The second meme required a browser window; Carrie and Jacinta wanted to be sure we all saw a dramatic reading by Michæl Shannon of an insanely bitchy letter sent by a sorority queen to her various sisters. Being a fully-realized thing in itself, there wasn't much any of us could add to that.
At some point we also watched the clip of the couple randomly asked to do karaoke by a teevee host appearing on a pump-mounted flatscreen. It's become viral sensation because the couple prove themselves surprisingly talented. (Being a Darwinist, I have to assume that a lot of these encounters were filmed before one was found that was memeworthy.)

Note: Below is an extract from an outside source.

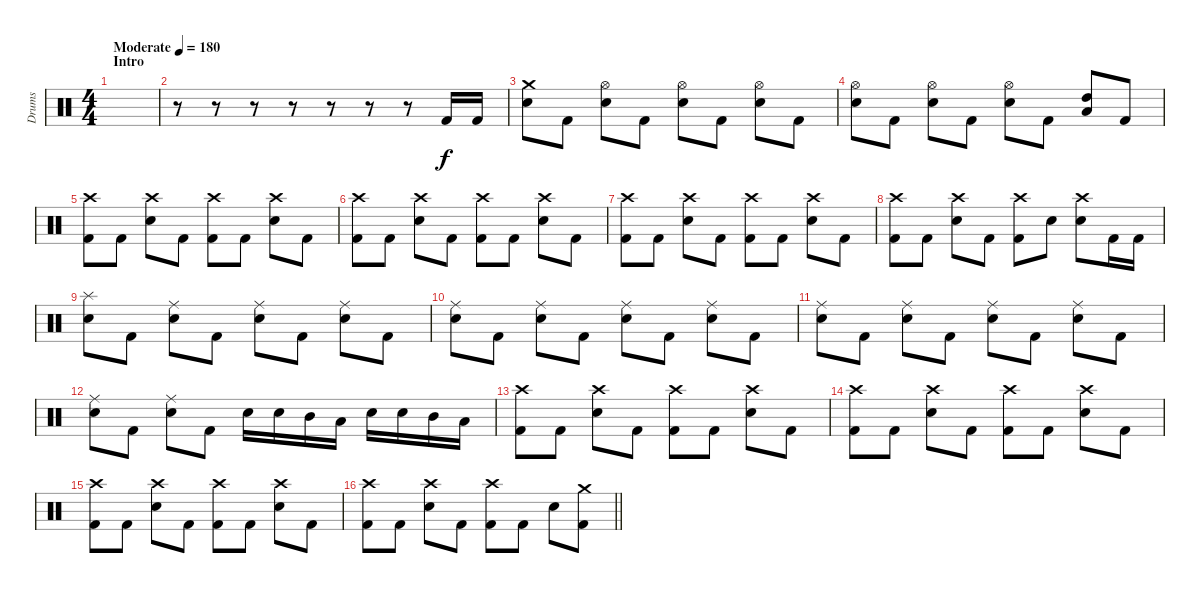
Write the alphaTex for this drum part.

Deborah's landlord walked past the house at one point, and she proceeded to tell us about him, his bitchy wife, and then the various neighbors. Everybody in her neighborhood aspires to live off the grid, and there are bulldozers and makeshift compounds scattered here and there back in the woods and in the fields (though for the most part the landscape is beautiful in a tumbled-down, neglected sort of way). Deborah met one of her neighbors after a deer was injured on the road and had to be euthanized. He came over with a pistol and dispatched the poor thing and now he's the kind of guy who hangs out in your doorway and doesn't know when it's time to leave.

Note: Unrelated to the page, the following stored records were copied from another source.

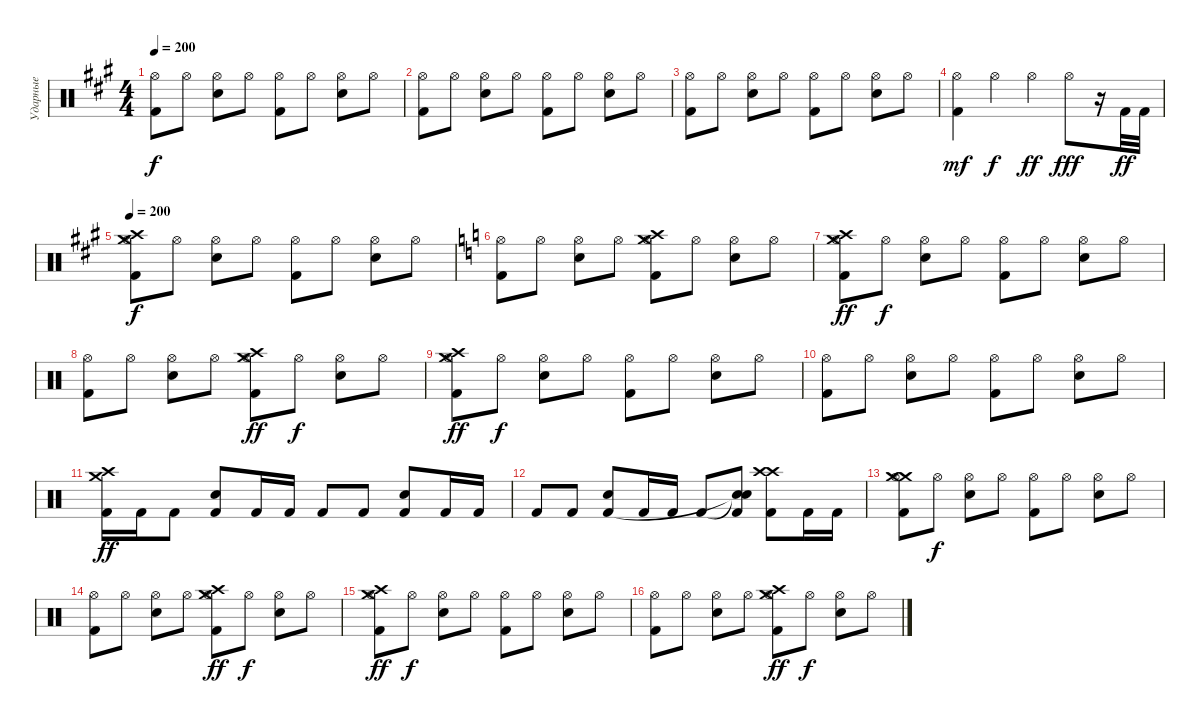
\track ("Ударные" "Ударные") {instrument percussion}
\staff {score}
\articulation defaults
\ts (4 4)
\tempo 200
\clef neutral
\ks f#minor
("Hi-Hat (open)" "Kick (hit) 2").8{dy f} "Hi-Hat (open)".8 ("Hi-Hat (open)" "Electric Snare (hit)").8 "Hi-Hat (open)".8 ("Hi-Hat (open)" "Kick (hit) 2").8 "Hi-Hat (open)".8 ("Hi-Hat (open)" "Electric Snare (hit)").8 "Hi-Hat (open)".8 |
("Hi-Hat (open)" "Kick (hit) 2").8 "Hi-Hat (open)".8 ("Hi-Hat (open)" "Electric Snare (hit)").8 "Hi-Hat (open)".8 ("Hi-Hat (open)" "Kick (hit) 2").8 "Hi-Hat (open)".8 ("Hi-Hat (open)" "Electric Snare (hit)").8 "Hi-Hat (open)".8 |
("Hi-Hat (open)" "Kick (hit) 2").8 "Hi-Hat (open)".8 ("Hi-Hat (open)" "Electric Snare (hit)").8 "Hi-Hat (open)".8 ("Hi-Hat (open)" "Kick (hit) 2").8 "Hi-Hat (open)".8 ("Hi-Hat (open)" "Electric Snare (hit)").8 "Hi-Hat (open)".8 |
("Hi-Hat (open)" "Kick (hit) 2").4{dy mf} "Hi-Hat (open)".4{dy f} "Hi-Hat (open)".4{dy ff} "Hi-Hat (open)".8{dy fff} r.16 "Kick (hit) 2".32{dy ff} "Kick (hit) 2".32 |
\tempo 200
("Crash high (hit)" "Crash medium (hit)" "Hi-Hat (open)" "Kick (hit) 2").8{dy f} "Hi-Hat (open)".8 ("Hi-Hat (open)" "Electric Snare (hit)").8 "Hi-Hat (open)".8 ("Hi-Hat (open)" "Kick (hit) 2").8 "Hi-Hat (open)".8 ("Hi-Hat (open)" "Electric Snare (hit)").8 "Hi-Hat (open)".8 |
\ks c
("Hi-Hat (open)" "Kick (hit) 2").8 "Hi-Hat (open)".8 ("Hi-Hat (open)" "Electric Snare (hit)").8 "Hi-Hat (open)".8 ("Crash high (hit)" "Crash medium (hit)" "Hi-Hat (open)" "Kick (hit) 2").8 "Hi-Hat (open)".8 ("Hi-Hat (open)" "Electric Snare (hit)").8 "Hi-Hat (open)".8 |
("Crash high (hit)" "Crash medium (hit)" "Hi-Hat (open)" "Kick (hit) 2").8{dy ff} "Hi-Hat (open)".8{dy f} ("Hi-Hat (open)" "Electric Snare (hit)").8 "Hi-Hat (open)".8 ("Hi-Hat (open)" "Kick (hit) 2").8 "Hi-Hat (open)".8 ("Hi-Hat (open)" "Electric Snare (hit)").8 "Hi-Hat (open)".8 |
("Hi-Hat (open)" "Kick (hit) 2").8 "Hi-Hat (open)".8 ("Hi-Hat (open)" "Electric Snare (hit)").8 "Hi-Hat (open)".8 ("Crash high (hit)" "Crash medium (hit)" "Hi-Hat (open)" "Kick (hit) 2").8{dy ff} "Hi-Hat (open)".8{dy f} ("Hi-Hat (open)" "Electric Snare (hit)").8 "Hi-Hat (open)".8 |
("Crash high (hit)" "Crash medium (hit)" "Hi-Hat (open)" "Kick (hit) 2").8{dy ff} "Hi-Hat (open)".8{dy f} ("Hi-Hat (open)" "Electric Snare (hit)").8 "Hi-Hat (open)".8 ("Hi-Hat (open)" "Kick (hit) 2").8 "Hi-Hat (open)".8 ("Hi-Hat (open)" "Electric Snare (hit)").8 "Hi-Hat (open)".8 |
("Hi-Hat (open)" "Kick (hit) 2").8 "Hi-Hat (open)".8 ("Hi-Hat (open)" "Electric Snare (hit)").8 "Hi-Hat (open)".8 ("Hi-Hat (open)" "Kick (hit) 2").8 "Hi-Hat (open)".8 ("Hi-Hat (open)" "Electric Snare (hit)").8 "Hi-Hat (open)".8 |
("Crash high (hit)" "Crash medium (hit)" "Kick (hit) 2").16{dy ff} "Kick (hit) 2".16 "Kick (hit) 2".8 ("Electric Snare (hit)" "Kick (hit) 2").8 "Kick (hit) 2".16 "Kick (hit) 2".16 "Kick (hit) 2".8 "Kick (hit) 2".8 ("Electric Snare (hit)" "Kick (hit) 2").8 "Kick (hit) 2".16 "Kick (hit) 2".16 |
"Kick (hit) 2".8 "Kick (hit) 2".8 ("Electric Snare (hit)" "Kick (hit) 2").8 "Kick (hit) 2".16 "Kick (hit) 2".16 "Kick (hit) 2".8 ("Snare (hit)"{t} "Snare (hit)"{t} "Kick (hit) 2").8 ("Crash high (hit)" "Crash high (hit)" "Kick (hit) 2").8 "Kick (hit) 2".16 "Kick (hit) 2".16 |
("Crash medium (hit)" "Crash medium (hit)" "Hi-Hat (open)" "Kick (hit) 2").8 "Hi-Hat (open)".8{dy f} ("Hi-Hat (open)" "Electric Snare (hit)").8 "Hi-Hat (open)".8 ("Hi-Hat (open)" "Kick (hit) 2").8 "Hi-Hat (open)".8 ("Hi-Hat (open)" "Electric Snare (hit)").8 "Hi-Hat (open)".8 |
("Hi-Hat (open)" "Kick (hit) 2").8 "Hi-Hat (open)".8 ("Hi-Hat (open)" "Electric Snare (hit)").8 "Hi-Hat (open)".8 ("Crash medium (hit)" "Crash high (hit)" "Hi-Hat (open)" "Kick (hit) 2").8{dy ff} "Hi-Hat (open)".8{dy f} ("Hi-Hat (open)" "Electric Snare (hit)").8 "Hi-Hat (open)".8 |
("Crash medium (hit)" "Crash high (hit)" "Hi-Hat (open)" "Kick (hit) 2").8{dy ff} "Hi-Hat (open)".8{dy f} ("Hi-Hat (open)" "Electric Snare (hit)").8 "Hi-Hat (open)".8 ("Hi-Hat (open)" "Kick (hit) 2").8 "Hi-Hat (open)".8 ("Hi-Hat (open)" "Electric Snare (hit)").8 "Hi-Hat (open)".8 |
("Hi-Hat (open)" "Kick (hit) 2").8 "Hi-Hat (open)".8 ("Hi-Hat (open)" "Electric Snare (hit)").8 "Hi-Hat (open)".8 ("Crash medium (hit)" "Crash high (hit)" "Hi-Hat (open)" "Kick (hit) 2").8{dy ff} "Hi-Hat (open)".8{dy f} ("Hi-Hat (open)" "Electric Snare (hit)").8 "Hi-Hat (open)".8

In telling us about some music she'd discovered, Deborah brought up the subject of Bittorrent; evidently she is one of the six or seven people older than 40 in Ulster County who has used this method to get a desired unit of media. This led into a discussion of how the creation of media will continue in a world where everyone uses Bittorrent. Take HBO for example; nobody under 30 has a subscription to HBO, but a lot of people that age watch Game of Thrones. Who is going to pay to produce Game of Thrones after all of us old codgers die off? My favorite solution is to just have a surcharge on internet access that is used to pay producers in proportion to how popular their works are on Bittorrent. "But what about the people who don't use Bittorrent?" somebody asked. "We're in a transitional phase," I explained. "Some people will subsidize the experience for others [until the transition is over]." I then brought up the example of the DVR. Gretchen and I don't watch ads on basic cable, so we're not doing the work to pay for what we see. In effect, our entertainment is being subsidized by people who are too technologically illiterate to install or operate a DVR. But some day that segment of the population will shrink to nothing and some other funding model will have to take its place. Product placement is one idea, but how does that work in a medieval fantasy like Game of Thrones?
[REDACTED]

Since Deborah's party started early, we were back home before it was completely dark. Using Bittorrent like five or six other people older than 40 in Ulster County, I downloaded the latest episode of Game of Thrones shortly after the broadcast concluded and watched it immediately. Thanks, suckers with an HBO subscription!